(DATA SUPPLIED begins)

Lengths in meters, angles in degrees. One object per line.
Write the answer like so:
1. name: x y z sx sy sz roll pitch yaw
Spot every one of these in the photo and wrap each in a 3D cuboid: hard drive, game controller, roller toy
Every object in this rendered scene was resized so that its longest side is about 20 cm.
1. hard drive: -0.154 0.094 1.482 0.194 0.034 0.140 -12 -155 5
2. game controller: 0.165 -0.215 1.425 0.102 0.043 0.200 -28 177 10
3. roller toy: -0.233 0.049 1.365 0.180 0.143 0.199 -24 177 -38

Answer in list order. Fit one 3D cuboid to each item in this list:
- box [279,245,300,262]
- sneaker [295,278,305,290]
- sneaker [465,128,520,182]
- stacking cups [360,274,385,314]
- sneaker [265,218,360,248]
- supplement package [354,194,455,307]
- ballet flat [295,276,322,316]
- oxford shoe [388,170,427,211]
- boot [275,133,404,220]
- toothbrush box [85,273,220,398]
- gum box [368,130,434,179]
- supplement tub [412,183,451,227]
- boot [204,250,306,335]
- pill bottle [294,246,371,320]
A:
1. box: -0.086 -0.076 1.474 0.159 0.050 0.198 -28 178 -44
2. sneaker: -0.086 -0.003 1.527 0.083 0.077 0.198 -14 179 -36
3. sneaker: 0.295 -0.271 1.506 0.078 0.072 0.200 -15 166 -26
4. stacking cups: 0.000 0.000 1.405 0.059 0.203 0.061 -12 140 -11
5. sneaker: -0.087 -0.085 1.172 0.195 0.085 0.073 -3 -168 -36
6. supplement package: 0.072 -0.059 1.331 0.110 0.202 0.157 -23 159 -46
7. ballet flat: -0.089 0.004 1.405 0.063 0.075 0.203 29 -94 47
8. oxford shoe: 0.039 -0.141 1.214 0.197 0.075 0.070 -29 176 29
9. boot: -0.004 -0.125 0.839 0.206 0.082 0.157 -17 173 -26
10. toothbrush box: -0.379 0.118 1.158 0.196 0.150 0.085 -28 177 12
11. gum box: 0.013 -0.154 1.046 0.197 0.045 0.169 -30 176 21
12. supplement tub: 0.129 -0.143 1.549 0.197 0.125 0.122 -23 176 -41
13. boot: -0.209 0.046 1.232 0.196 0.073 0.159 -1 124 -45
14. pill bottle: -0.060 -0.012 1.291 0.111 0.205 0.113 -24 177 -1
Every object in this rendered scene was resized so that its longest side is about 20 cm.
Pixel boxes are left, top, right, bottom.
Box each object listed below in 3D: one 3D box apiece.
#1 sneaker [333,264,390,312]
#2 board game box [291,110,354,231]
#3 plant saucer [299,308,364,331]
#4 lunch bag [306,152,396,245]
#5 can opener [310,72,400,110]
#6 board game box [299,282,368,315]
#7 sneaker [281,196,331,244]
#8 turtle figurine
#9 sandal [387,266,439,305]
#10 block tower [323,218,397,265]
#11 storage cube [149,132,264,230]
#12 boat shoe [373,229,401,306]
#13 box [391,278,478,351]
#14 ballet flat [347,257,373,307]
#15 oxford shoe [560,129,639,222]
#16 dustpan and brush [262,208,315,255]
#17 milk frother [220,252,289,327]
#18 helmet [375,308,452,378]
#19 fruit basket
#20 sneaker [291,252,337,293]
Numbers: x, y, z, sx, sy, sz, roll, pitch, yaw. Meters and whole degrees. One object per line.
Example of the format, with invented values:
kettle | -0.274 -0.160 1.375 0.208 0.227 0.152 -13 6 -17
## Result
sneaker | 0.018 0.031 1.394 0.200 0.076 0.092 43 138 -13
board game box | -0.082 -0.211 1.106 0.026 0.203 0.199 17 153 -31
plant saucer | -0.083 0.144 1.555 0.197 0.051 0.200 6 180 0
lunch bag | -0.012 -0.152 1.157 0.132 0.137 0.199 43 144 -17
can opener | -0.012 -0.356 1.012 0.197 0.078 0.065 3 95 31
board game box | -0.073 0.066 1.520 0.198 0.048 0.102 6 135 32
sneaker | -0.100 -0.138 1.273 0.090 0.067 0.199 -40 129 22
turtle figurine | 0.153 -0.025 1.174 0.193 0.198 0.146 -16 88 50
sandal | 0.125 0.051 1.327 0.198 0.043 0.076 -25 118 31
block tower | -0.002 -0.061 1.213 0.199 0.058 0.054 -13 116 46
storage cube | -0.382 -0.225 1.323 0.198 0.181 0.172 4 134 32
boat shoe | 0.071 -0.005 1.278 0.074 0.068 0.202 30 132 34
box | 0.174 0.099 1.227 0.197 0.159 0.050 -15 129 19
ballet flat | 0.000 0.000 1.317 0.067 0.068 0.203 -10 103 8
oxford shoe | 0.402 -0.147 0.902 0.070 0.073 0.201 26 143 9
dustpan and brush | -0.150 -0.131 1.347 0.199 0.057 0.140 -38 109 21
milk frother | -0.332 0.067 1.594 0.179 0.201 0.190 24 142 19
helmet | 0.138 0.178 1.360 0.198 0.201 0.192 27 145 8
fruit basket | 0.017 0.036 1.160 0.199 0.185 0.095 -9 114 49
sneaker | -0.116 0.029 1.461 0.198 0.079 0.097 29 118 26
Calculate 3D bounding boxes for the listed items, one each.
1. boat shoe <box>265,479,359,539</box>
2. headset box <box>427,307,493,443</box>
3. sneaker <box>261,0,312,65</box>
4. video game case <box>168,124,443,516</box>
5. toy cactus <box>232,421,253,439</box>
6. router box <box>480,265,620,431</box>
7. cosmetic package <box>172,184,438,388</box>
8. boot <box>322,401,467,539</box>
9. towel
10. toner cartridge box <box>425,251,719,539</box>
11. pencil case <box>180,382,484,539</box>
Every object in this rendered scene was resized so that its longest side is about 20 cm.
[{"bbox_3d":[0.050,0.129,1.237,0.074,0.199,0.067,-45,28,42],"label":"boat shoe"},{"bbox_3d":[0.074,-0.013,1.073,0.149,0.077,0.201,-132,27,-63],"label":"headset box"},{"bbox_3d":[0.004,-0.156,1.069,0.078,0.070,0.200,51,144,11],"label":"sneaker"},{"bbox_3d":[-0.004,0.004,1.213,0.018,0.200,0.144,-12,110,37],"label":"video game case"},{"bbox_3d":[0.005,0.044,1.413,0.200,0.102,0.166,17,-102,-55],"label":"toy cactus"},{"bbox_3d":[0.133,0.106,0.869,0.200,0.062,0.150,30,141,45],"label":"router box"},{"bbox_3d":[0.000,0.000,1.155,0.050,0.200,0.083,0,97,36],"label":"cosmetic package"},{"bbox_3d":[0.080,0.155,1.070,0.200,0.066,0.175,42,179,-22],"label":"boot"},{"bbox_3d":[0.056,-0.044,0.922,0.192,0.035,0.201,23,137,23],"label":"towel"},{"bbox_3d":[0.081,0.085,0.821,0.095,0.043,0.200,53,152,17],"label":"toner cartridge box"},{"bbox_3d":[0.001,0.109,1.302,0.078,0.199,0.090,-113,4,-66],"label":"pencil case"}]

(DATA SUPPLIED ends)

Could you set down, exactly as written, the lines above between the one holding "#16 dustpan and brush [262,208,315,255]" and the one holding "11. pencil case <box>180,382,484,539</box>", inclusive, and nothing more?

#16 dustpan and brush [262,208,315,255]
#17 milk frother [220,252,289,327]
#18 helmet [375,308,452,378]
#19 fruit basket
#20 sneaker [291,252,337,293]
Numbers: x, y, z, sx, sy, sz, roll, pitch, yaw. Meters and whole degrees. One object per line.
Example of the format, with invented values:
kettle | -0.274 -0.160 1.375 0.208 0.227 0.152 -13 6 -17
## Result
sneaker | 0.018 0.031 1.394 0.200 0.076 0.092 43 138 -13
board game box | -0.082 -0.211 1.106 0.026 0.203 0.199 17 153 -31
plant saucer | -0.083 0.144 1.555 0.197 0.051 0.200 6 180 0
lunch bag | -0.012 -0.152 1.157 0.132 0.137 0.199 43 144 -17
can opener | -0.012 -0.356 1.012 0.197 0.078 0.065 3 95 31
board game box | -0.073 0.066 1.520 0.198 0.048 0.102 6 135 32
sneaker | -0.100 -0.138 1.273 0.090 0.067 0.199 -40 129 22
turtle figurine | 0.153 -0.025 1.174 0.193 0.198 0.146 -16 88 50
sandal | 0.125 0.051 1.327 0.198 0.043 0.076 -25 118 31
block tower | -0.002 -0.061 1.213 0.199 0.058 0.054 -13 116 46
storage cube | -0.382 -0.225 1.323 0.198 0.181 0.172 4 134 32
boat shoe | 0.071 -0.005 1.278 0.074 0.068 0.202 30 132 34
box | 0.174 0.099 1.227 0.197 0.159 0.050 -15 129 19
ballet flat | 0.000 0.000 1.317 0.067 0.068 0.203 -10 103 8
oxford shoe | 0.402 -0.147 0.902 0.070 0.073 0.201 26 143 9
dustpan and brush | -0.150 -0.131 1.347 0.199 0.057 0.140 -38 109 21
milk frother | -0.332 0.067 1.594 0.179 0.201 0.190 24 142 19
helmet | 0.138 0.178 1.360 0.198 0.201 0.192 27 145 8
fruit basket | 0.017 0.036 1.160 0.199 0.185 0.095 -9 114 49
sneaker | -0.116 0.029 1.461 0.198 0.079 0.097 29 118 26
Calculate 3D bounding boxes for the listed items, one each.
1. boat shoe <box>265,479,359,539</box>
2. headset box <box>427,307,493,443</box>
3. sneaker <box>261,0,312,65</box>
4. video game case <box>168,124,443,516</box>
5. toy cactus <box>232,421,253,439</box>
6. router box <box>480,265,620,431</box>
7. cosmetic package <box>172,184,438,388</box>
8. boot <box>322,401,467,539</box>
9. towel
10. toner cartridge box <box>425,251,719,539</box>
11. pencil case <box>180,382,484,539</box>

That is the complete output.